RSF mengatakan bahwa menurut penelitiannya, setiap jurnalis yang dituduh menghadapi kemungkinan hukuman gabungan sembilan tahun dan enam bulan penjara.
“Tuduhan yang diajukan oleh polisi Uttar Pradesh sama sekali tidak didasarkan pada elemen nyata dan jelas merupakan pelecehan yudisial,” kata Daniel Bastard, kepala meja RSF Asia-Pasifik.
“Kami mendesak Ketua Menteri Uttar Pradesh Yogi Adityanath untuk memulihkan kredibilitas dengan memerintahkan penarikan segera tuduhan terhadap jurnalis yang disebutkan dalam Laporan Informasi Pertama yang absurd ini.”
Digipub News India Foundation – sebuah asosiasi lebih dari 60 publikasi digital independen – mendesak polisi Uttar Pradesh untuk “menarik kasus ini segera dan mengizinkan publikasi berita untuk melakukan pekerjaan mereka tanpa takut akan pembalasan”.
“Implikasi dari kasus ini melampaui mereka yang telah dituduh di sini: Polisi Uttar Pradesh mengancam mereka yang melaporkan suara para korban kejahatan. Ini mencoba untuk menciptakan suasana di mana semua jurnalis dan organisasi berita akan dibujuk untuk tidak melaporkan apa pun kecuali versi resmi, ”kata pernyataan Digipub.

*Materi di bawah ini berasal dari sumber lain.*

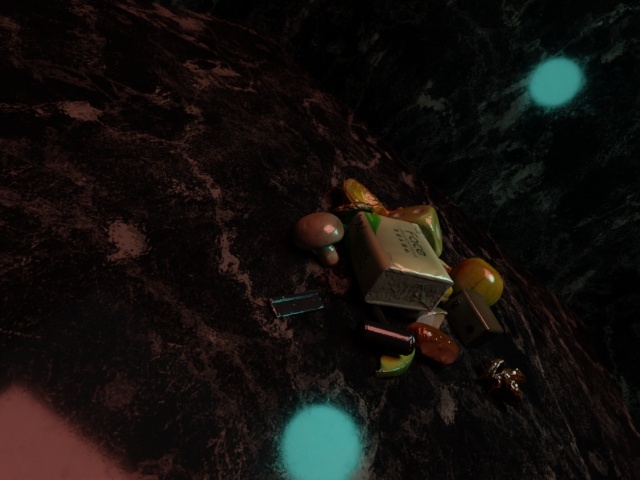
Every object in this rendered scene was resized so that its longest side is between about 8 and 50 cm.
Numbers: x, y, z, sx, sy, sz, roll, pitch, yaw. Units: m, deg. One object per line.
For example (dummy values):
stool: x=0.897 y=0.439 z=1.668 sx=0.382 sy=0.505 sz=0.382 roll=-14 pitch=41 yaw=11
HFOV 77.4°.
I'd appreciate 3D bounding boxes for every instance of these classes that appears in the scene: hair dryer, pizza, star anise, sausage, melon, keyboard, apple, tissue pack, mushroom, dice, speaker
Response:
hair dryer: x=0.214 y=0.306 z=1.466 sx=0.197 sy=0.089 sz=0.251 roll=18 pitch=21 yaw=-14
pizza: x=0.660 y=0.139 z=2.257 sx=0.271 sy=0.056 sz=0.134 roll=34 pitch=22 yaw=-15
star anise: x=0.761 y=0.590 z=1.698 sx=0.346 sy=0.148 sz=0.237 roll=31 pitch=28 yaw=-40
sausage: x=0.433 y=0.401 z=1.566 sx=0.259 sy=0.133 sz=0.133 roll=29 pitch=32 yaw=-22
melon: x=0.260 y=0.418 z=1.410 sx=0.114 sy=0.053 sz=0.262 roll=46 pitch=28 yaw=20
keyboard: x=-0.077 y=0.207 z=1.304 sx=0.231 sy=0.023 sz=0.072 roll=-1 pitch=58 yaw=-51
apple: x=0.837 y=0.228 z=2.148 sx=0.286 sy=0.233 sz=0.286 roll=36 pitch=15 yaw=-12
melon: x=0.487 y=0.334 z=1.742 sx=0.202 sy=0.140 sz=0.093 roll=-24 pitch=93 yaw=-61
tissue pack: x=0.306 y=0.078 z=1.671 sx=0.332 sy=0.205 sz=0.404 roll=13 pitch=34 yaw=-21
mushroom: x=-0.008 y=-0.015 z=1.545 sx=0.207 sy=0.209 sz=0.206 roll=-3 pitch=48 yaw=3
dice: x=0.467 y=-0.029 z=1.985 sx=0.238 sy=0.233 sz=0.227 roll=71 pitch=25 yaw=-19
speaker: x=0.732 y=0.378 z=1.931 sx=0.193 sy=0.153 sz=0.230 roll=17 pitch=39 yaw=-39

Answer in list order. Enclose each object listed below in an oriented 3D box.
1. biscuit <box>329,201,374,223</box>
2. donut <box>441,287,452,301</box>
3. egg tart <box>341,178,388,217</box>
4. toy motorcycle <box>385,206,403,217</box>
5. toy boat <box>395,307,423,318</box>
biscuit: x=0.135 y=-0.124 z=1.804 sx=0.226 sy=0.226 sz=0.042 roll=4 pitch=68 yaw=-48
donut: x=0.556 y=0.203 z=2.003 sx=0.253 sy=0.118 sz=0.253 roll=45 pitch=16 yaw=-17
egg tart: x=0.207 y=-0.173 z=2.043 sx=0.319 sy=0.128 sz=0.318 roll=33 pitch=29 yaw=-21
toy motorcycle: x=0.483 y=-0.097 z=2.272 sx=0.326 sy=0.147 sz=0.221 roll=22 pitch=12 yaw=-22
toy boat: x=0.378 y=0.264 z=1.732 sx=0.155 sy=0.085 sz=0.227 roll=23 pitch=24 yaw=1

Pratik Sinha, salah satu pendiri situs berita pemeriksa fakta Alt News – majikan Zubair – mengatakan rekannya “ditargetkan” karena melaporkan versi korban dalam kasus Ghaziabad.
“Para ‘influencer’ media sosial dan tren yang memilih Zubair adalah kesaksian akan dampak yang dia miliki. Tim Alt News mendukung Zubair,” tulisnya.
Menurut sebuah laporan oleh RSF yang dirilis pada bulan April, India berada di peringkat 142 pada Indeks Kebebasan Pers Dunia. Itu berada di peringkat ke-133 pada tahun 2016 – cerminan dari negara Asia Selatan yang secara konsisten turun peringkat.
Laporan RSF menghitung India di antara negara-negara yang diklasifikasikan “buruk” untuk jurnalisme dan menyebutnya sebagai salah satu negara paling berbahaya bagi jurnalis.
Editor pendiri The Wire Siddharth Varadarajan mengatakan kepada Al Jazeera bahwa kasus terhadap portalnya adalah “upaya untuk mencegah jurnalis dan wartawan melakukan pekerjaan mereka”.
“Jika Anda menjadikannya kejahatan untuk melaporkan apa yang dikatakan korban kejahatan secara tertulis tentang apa yang terjadi pada mereka, itu berarti Anda ingin media hanya membawa apa yang dikatakan polisi atau versi resminya, dan bahwa setiap versi lainnya, Jika Anda melapor, Anda berisiko diproses hukum, ”katanya.
“Jika pendekatan seperti itu dibiarkan, maka jurnalisme akan menjadi tidak mungkin di India.”